Source data:

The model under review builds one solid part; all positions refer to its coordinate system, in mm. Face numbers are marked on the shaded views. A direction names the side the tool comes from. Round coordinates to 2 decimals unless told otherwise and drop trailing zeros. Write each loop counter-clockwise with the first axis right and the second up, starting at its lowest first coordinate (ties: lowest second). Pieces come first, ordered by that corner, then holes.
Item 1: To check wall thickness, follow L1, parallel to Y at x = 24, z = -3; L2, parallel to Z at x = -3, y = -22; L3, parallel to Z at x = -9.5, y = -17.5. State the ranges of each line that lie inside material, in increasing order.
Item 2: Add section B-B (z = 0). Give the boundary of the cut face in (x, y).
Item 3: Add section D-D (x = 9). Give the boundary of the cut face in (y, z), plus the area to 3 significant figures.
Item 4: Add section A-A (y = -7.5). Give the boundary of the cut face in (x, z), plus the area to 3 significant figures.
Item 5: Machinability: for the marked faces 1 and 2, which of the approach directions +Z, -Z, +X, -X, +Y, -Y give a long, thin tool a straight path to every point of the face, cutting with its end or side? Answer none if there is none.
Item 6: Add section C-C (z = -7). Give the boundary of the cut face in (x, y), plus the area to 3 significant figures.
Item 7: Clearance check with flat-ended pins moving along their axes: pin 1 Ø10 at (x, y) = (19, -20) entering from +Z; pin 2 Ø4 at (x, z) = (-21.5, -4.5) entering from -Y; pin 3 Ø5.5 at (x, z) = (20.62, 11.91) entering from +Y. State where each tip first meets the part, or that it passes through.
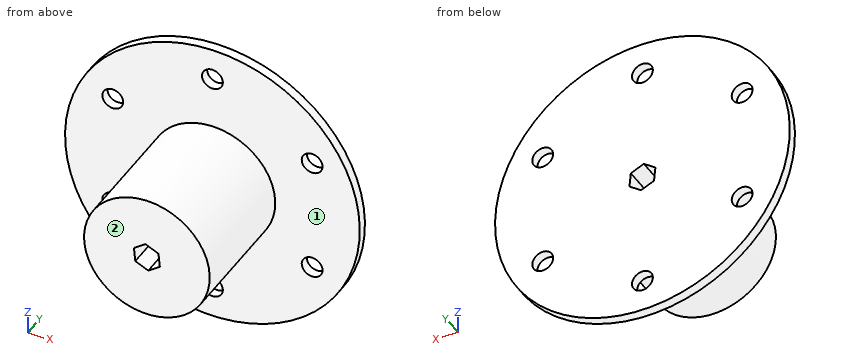
```python
from build123d import *

# Parameters (mm, degrees)
SKETCH1_R           = 30.48
SKETCH1_R_2         = 2.15265
BOSS_EXTRUDE1_DEPTH = 2
CUT_EXTRUDE1_DEPTH  = 10
SKETCH3_R           = 13
BOSS_EXTRUDE2_DEPTH = 25.4


with BuildPart() as part:
    # Sketch1 → Boss-Extrude1 (new body)
    with BuildSketch(Plane(origin=(0, 0, 0), x_dir=(1, 0, 0), z_dir=(0, 1, 0))):
        with Locations(Location((0, 0, 0), (0, 0, 270))):
            Circle(SKETCH1_R)
        with Locations(Location((0, -23.8125, 0), (0, 0, 270))):
            Circle(SKETCH1_R_2, mode=Mode.SUBTRACT)
        with Locations(Location((20.622229928, -11.90625, 0), (0, 0, 270))):
            Circle(SKETCH1_R_2, mode=Mode.SUBTRACT)
        with Locations(Location((20.622229928, 11.90625, 0), (0, 0, 270))):
            Circle(SKETCH1_R_2, mode=Mode.SUBTRACT)
        with Locations(Location((0, 23.8125, 0), (0, 0, 270))):
            Circle(SKETCH1_R_2, mode=Mode.SUBTRACT)
        with Locations(Location((-20.622229928, 11.90625, 0), (0, 0, 270))):
            Circle(SKETCH1_R_2, mode=Mode.SUBTRACT)
        with Locations(Location((-20.622229928, -11.90625, 0), (0, 0, 270))):
            Circle(SKETCH1_R_2, mode=Mode.SUBTRACT)
    extrude(amount=BOSS_EXTRUDE1_DEPTH)

    # Sketch2 → Cut-Extrude1 (cut)
    with BuildSketch(Plane(origin=(0, 2, 0), x_dir=(1, 0, 0), z_dir=(0, 1, 0))):
        Polygon((-2.680603767, -1.218344551), (-0.285184552, -2.930643235), (2.395419215, -1.712298684), (2.680603767, 1.218344551), (0.285184552, 2.930643235), (-2.395419215, 1.712298684), align=None)
    extrude(amount=-CUT_EXTRUDE1_DEPTH, mode=Mode.SUBTRACT)

    # Sketch3 → Boss-Extrude2 (add)
    with BuildSketch(Plane.XZ):
        with Locations(Location((0, 0, 0), (0, 0, 90))):
            Circle(SKETCH3_R)
        Polygon((-0.285184552, 2.930643235), (-2.680603767, 1.218344551), (-2.395419215, -1.712298684), (0.285184552, -2.930643235), (2.680603767, -1.218344551), (2.395419215, 1.712298684), align=None, mode=Mode.SUBTRACT)
    extrude(amount=BOSS_EXTRUDE2_DEPTH)


solid = part.part
```
Numbers:
1. L1: y = 0 to 2
1. L2: z = -12.65 to 12.65
1. L3: z = -8.87 to 8.87
2. outline: (-30.48, 0) - (-13, 0) - (-13, -25.4) - (-2.56, -25.4) - (-2.56, 2) - (-30.48, 2) - close; (2.56, -25.4) - (13, -25.4) - (13, 0) - (30.48, 0) - (30.48, 2) - (2.56, 2) - close
3. outline: (-25.4, -9.38) - (0, -9.38) - (0, -29.12) - (2, -29.12) - (2, 29.12) - (0, 29.12) - (0, 9.38) - (-25.4, 9.38) - close
3. area: 593 mm2
4. outline: circle Ø26 at (0, 0); hole (-2.68, 1.22) - (-2.4, -1.71) - (0.29, -2.93) - (2.68, -1.22) - (2.4, 1.71) - (-0.29, 2.93) - close
4. area: 508 mm2
5. face 1: -Y
5. face 2: +Z, -Z, +X, -X, -Y
6. outline: (-29.67, 0) - (-10.95, 0) - (-10.95, -25.4) - (10.95, -25.4) - (10.95, 0) - (29.67, 0) - (29.67, 2) - (-29.67, 2) - close
6. area: 675 mm2
7. pin 1: passes through
7. pin 2: stops at y = 0
7. pin 3: stops at y = 2

PROBLEM DETAILS: Across the records above, how many lines contain the word "outline"? Give the number by itself.

OUTPUT FOR THIS EXERCISE: 4